>>>

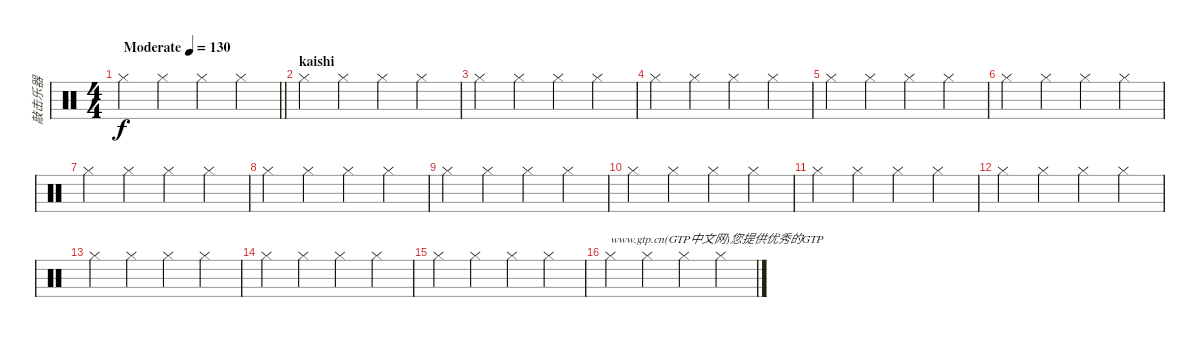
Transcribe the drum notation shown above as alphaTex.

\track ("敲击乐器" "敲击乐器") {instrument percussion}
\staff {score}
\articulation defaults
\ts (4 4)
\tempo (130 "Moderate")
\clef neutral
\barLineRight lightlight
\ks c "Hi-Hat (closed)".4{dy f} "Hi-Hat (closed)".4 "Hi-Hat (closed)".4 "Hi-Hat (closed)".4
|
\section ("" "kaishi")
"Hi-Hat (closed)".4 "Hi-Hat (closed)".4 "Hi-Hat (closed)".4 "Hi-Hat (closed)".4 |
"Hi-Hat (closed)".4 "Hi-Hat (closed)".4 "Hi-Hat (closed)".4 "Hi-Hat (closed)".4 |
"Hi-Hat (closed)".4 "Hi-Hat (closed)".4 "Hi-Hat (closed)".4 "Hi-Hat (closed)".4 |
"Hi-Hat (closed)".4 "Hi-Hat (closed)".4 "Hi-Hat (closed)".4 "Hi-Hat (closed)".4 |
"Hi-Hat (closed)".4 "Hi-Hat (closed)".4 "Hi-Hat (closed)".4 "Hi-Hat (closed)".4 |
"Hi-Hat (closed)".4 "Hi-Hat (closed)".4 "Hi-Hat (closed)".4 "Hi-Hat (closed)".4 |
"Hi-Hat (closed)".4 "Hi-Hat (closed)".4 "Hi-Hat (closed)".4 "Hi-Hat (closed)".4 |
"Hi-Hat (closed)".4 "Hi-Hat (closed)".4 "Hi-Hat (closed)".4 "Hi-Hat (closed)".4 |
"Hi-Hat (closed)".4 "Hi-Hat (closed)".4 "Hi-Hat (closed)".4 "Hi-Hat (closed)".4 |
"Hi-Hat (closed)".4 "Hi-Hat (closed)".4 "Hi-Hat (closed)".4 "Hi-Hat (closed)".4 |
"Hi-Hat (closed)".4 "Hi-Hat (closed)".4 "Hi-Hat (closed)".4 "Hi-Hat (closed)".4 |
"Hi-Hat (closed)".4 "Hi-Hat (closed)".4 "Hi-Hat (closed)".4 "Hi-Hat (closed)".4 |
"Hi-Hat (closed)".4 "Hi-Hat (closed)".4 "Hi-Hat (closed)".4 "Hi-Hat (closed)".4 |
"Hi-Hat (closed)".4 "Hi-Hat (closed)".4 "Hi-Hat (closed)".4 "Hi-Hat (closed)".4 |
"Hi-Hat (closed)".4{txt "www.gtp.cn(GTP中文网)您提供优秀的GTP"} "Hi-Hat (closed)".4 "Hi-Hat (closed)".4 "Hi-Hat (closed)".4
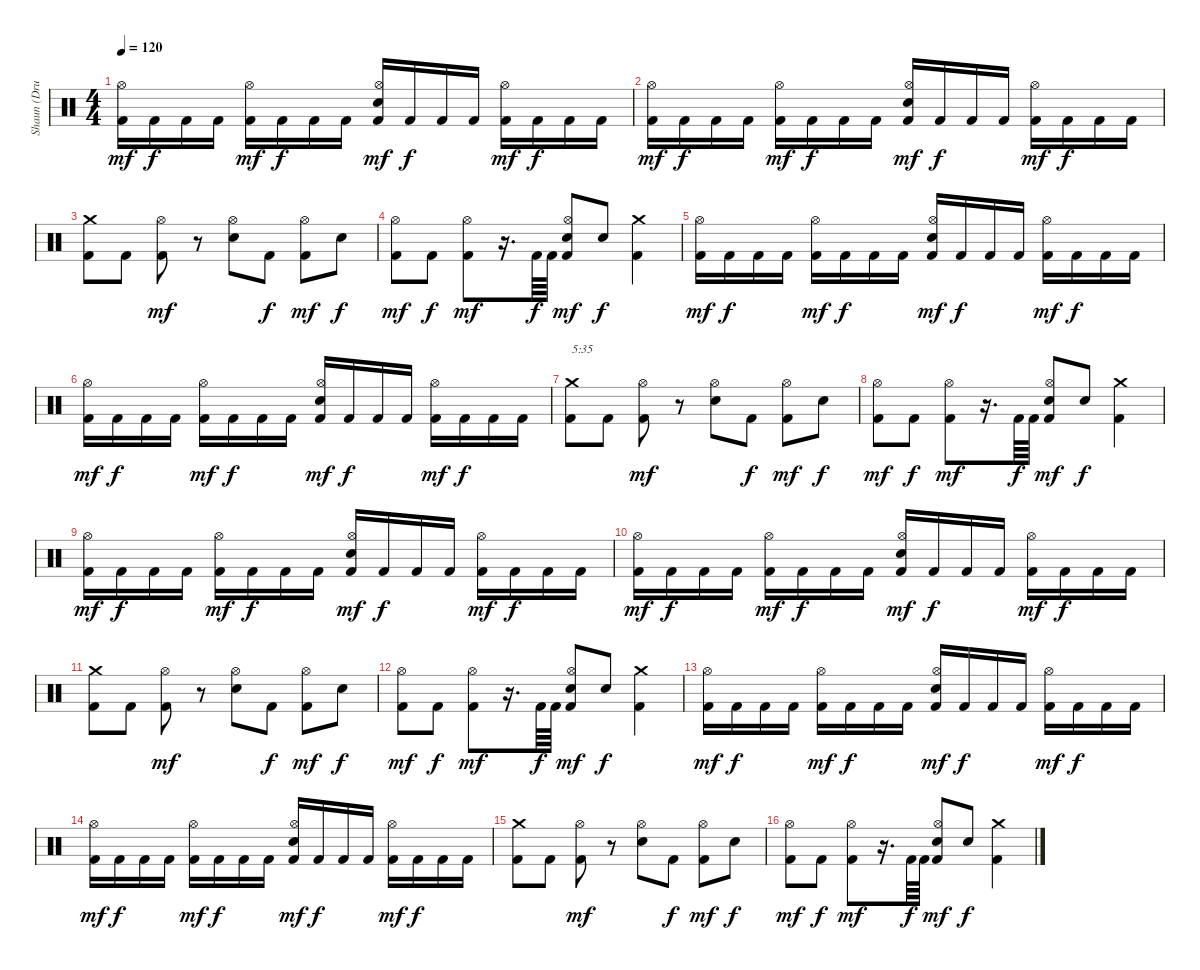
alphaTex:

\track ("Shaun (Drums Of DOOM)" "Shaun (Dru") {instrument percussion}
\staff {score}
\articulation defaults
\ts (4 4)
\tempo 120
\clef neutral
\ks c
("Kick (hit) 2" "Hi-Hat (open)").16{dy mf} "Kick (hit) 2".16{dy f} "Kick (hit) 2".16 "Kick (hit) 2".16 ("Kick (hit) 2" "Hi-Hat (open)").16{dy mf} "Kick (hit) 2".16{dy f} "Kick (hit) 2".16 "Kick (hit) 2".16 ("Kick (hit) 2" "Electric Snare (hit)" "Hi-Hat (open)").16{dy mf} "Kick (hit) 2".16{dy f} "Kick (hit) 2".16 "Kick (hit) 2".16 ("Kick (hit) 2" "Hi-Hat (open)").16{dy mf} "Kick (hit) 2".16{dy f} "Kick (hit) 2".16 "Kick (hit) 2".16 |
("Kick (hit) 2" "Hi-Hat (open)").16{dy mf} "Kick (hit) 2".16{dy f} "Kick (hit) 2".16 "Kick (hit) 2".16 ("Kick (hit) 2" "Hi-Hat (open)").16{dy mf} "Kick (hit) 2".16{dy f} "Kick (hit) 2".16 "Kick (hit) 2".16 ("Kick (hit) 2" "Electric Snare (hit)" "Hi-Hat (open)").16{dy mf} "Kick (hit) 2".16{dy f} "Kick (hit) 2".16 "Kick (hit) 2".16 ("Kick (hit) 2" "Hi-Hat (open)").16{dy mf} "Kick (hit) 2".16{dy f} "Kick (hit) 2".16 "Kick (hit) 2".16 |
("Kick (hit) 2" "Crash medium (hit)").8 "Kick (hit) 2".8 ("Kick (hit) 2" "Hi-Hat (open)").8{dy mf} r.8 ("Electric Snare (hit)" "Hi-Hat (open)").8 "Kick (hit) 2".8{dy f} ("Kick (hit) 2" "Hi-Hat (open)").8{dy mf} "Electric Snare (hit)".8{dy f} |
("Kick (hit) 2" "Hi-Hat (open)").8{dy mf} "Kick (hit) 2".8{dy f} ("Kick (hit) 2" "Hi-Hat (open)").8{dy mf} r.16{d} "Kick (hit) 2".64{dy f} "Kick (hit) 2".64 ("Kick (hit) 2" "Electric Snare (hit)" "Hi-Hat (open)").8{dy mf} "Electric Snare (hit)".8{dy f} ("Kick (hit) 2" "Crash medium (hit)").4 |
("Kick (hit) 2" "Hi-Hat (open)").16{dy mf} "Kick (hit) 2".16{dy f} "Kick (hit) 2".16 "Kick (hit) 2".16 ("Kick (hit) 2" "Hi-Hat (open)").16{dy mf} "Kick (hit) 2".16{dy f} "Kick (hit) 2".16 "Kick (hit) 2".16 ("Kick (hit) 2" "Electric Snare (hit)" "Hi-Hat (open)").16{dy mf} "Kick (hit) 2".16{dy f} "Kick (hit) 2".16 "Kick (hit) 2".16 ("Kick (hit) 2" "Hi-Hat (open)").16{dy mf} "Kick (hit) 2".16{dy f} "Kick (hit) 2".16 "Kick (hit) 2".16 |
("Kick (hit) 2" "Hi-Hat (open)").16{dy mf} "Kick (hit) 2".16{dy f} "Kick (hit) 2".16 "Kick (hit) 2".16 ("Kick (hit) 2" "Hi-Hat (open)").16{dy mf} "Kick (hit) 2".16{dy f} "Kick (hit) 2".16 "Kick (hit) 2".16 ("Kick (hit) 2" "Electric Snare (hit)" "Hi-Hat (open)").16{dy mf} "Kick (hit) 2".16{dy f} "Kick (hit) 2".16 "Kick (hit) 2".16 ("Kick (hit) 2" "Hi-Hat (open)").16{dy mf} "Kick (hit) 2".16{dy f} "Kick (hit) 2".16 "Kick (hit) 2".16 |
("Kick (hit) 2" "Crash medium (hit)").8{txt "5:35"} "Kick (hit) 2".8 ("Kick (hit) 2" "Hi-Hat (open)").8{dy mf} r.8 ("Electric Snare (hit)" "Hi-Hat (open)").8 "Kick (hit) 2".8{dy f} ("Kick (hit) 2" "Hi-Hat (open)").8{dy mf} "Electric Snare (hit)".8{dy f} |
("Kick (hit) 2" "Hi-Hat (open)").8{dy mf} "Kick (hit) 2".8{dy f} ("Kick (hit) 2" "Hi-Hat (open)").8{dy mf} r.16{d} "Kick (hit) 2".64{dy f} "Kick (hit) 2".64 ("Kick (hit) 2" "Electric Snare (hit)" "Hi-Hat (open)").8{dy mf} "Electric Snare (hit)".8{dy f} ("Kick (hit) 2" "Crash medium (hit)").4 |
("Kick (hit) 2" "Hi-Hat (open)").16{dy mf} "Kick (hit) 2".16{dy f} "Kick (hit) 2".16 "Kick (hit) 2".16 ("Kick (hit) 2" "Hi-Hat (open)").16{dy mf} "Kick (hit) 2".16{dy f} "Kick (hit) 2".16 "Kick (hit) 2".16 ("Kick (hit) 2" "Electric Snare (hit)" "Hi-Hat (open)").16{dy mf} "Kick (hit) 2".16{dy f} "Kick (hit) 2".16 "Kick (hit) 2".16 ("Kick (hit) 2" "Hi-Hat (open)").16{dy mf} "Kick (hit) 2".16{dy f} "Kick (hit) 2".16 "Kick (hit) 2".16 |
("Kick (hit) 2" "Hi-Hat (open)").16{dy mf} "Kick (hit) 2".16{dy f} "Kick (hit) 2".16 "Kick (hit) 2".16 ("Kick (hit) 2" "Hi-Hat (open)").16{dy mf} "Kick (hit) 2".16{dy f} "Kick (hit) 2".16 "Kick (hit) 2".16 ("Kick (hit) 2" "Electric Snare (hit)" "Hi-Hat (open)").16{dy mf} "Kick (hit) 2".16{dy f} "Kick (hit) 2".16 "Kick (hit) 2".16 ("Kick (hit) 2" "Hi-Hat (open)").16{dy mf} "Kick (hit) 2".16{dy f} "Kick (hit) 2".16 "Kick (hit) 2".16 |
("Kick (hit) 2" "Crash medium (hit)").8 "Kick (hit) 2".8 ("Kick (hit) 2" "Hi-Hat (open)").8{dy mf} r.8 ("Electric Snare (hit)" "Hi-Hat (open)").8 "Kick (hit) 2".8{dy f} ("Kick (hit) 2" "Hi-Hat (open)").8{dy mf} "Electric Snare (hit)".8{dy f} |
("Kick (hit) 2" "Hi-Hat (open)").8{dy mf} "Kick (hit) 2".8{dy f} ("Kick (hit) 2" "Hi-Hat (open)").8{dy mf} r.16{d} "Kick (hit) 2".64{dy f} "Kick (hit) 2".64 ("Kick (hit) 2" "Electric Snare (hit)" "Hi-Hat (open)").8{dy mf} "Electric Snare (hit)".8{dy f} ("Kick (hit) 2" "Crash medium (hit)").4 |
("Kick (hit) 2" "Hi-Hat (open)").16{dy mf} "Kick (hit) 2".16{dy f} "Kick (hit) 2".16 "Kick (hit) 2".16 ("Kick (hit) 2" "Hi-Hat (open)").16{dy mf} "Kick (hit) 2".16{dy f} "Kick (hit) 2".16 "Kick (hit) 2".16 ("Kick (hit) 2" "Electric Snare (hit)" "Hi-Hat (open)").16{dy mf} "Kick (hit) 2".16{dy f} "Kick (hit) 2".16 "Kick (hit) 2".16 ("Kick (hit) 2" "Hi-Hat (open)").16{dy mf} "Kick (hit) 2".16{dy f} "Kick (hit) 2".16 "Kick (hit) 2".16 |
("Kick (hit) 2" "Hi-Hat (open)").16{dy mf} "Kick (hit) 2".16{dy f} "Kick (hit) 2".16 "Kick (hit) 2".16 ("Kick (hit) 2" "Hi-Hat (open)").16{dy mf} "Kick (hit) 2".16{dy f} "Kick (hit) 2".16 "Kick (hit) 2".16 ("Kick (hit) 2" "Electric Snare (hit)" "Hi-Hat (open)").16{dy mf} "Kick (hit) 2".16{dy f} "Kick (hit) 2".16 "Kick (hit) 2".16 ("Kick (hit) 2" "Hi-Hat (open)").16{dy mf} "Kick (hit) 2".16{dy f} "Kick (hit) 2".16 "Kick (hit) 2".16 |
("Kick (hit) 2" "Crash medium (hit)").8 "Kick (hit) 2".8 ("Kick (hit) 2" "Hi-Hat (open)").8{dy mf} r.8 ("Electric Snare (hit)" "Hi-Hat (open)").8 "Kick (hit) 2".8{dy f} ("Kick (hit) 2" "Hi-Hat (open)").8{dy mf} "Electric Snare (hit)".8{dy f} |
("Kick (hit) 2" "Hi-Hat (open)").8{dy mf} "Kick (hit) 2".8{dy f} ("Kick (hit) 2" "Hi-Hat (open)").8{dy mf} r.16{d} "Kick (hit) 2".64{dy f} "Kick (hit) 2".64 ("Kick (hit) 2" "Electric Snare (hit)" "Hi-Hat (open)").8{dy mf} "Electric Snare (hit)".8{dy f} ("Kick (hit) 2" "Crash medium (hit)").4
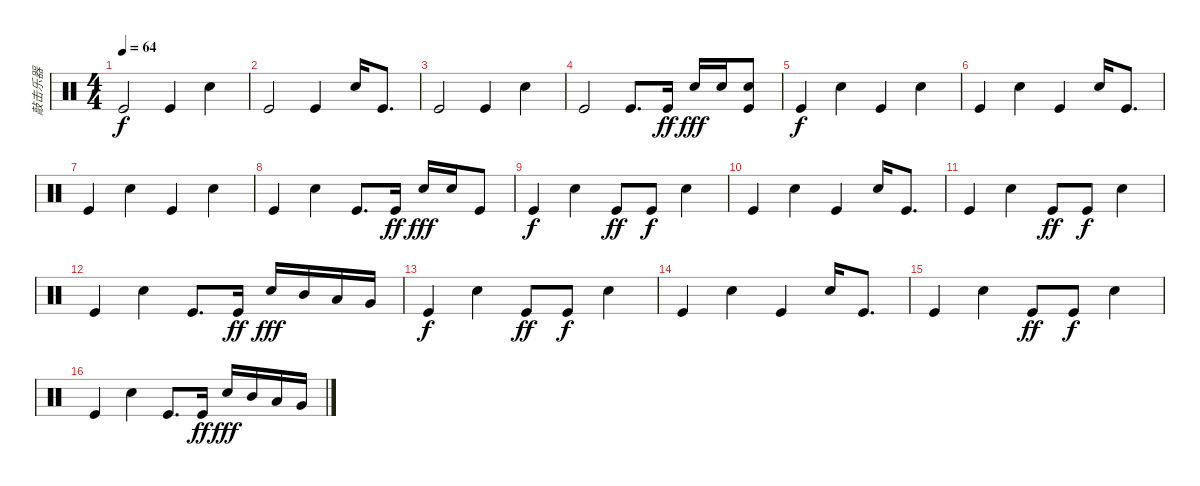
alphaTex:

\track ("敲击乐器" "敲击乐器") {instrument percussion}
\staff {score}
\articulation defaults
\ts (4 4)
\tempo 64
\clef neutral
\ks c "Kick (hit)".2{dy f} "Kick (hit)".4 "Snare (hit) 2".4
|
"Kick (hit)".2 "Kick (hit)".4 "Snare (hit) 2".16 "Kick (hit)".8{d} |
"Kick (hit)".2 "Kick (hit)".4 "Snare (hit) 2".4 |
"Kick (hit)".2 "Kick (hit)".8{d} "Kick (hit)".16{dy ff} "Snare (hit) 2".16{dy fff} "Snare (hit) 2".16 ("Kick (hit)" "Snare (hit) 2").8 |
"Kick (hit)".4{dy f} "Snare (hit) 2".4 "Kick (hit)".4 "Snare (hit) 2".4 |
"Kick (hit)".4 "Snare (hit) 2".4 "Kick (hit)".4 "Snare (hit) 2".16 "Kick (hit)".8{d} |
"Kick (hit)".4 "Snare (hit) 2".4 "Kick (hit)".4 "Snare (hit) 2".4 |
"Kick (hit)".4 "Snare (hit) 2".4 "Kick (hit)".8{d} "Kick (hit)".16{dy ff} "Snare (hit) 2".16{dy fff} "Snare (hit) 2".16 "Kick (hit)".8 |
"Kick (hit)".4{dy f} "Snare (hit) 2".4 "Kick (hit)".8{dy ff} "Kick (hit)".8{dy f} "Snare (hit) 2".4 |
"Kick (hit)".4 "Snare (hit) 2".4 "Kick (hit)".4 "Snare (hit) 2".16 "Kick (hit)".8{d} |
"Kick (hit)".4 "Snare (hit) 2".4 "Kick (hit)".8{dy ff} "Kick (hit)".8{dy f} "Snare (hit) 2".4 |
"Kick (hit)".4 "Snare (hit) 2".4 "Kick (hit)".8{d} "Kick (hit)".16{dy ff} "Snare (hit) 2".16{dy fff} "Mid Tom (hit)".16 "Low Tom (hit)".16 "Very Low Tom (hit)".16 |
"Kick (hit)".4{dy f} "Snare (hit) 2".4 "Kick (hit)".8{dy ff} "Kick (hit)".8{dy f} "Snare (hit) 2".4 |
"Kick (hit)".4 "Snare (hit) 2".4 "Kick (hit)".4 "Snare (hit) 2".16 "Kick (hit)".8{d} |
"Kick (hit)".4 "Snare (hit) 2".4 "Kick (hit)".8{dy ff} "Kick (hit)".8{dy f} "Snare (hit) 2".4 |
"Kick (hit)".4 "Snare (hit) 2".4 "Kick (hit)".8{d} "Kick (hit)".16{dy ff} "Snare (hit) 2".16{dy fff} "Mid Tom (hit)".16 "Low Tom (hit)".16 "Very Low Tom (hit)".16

<<<

**TASK TO CARRY OUT**
Where a line in the records above contains the string "Very", copy that line.

**RESPONSE**
"Kick (hit)".4 "Snare (hit) 2".4 "Kick (hit)".8{d} "Kick (hit)".16{dy ff} "Snare (hit) 2".16{dy fff} "Mid Tom (hit)".16 "Low Tom (hit)".16 "Very Low Tom (hit)".16 |
"Kick (hit)".4 "Snare (hit) 2".4 "Kick (hit)".8{d} "Kick (hit)".16{dy ff} "Snare (hit) 2".16{dy fff} "Mid Tom (hit)".16 "Low Tom (hit)".16 "Very Low Tom (hit)".16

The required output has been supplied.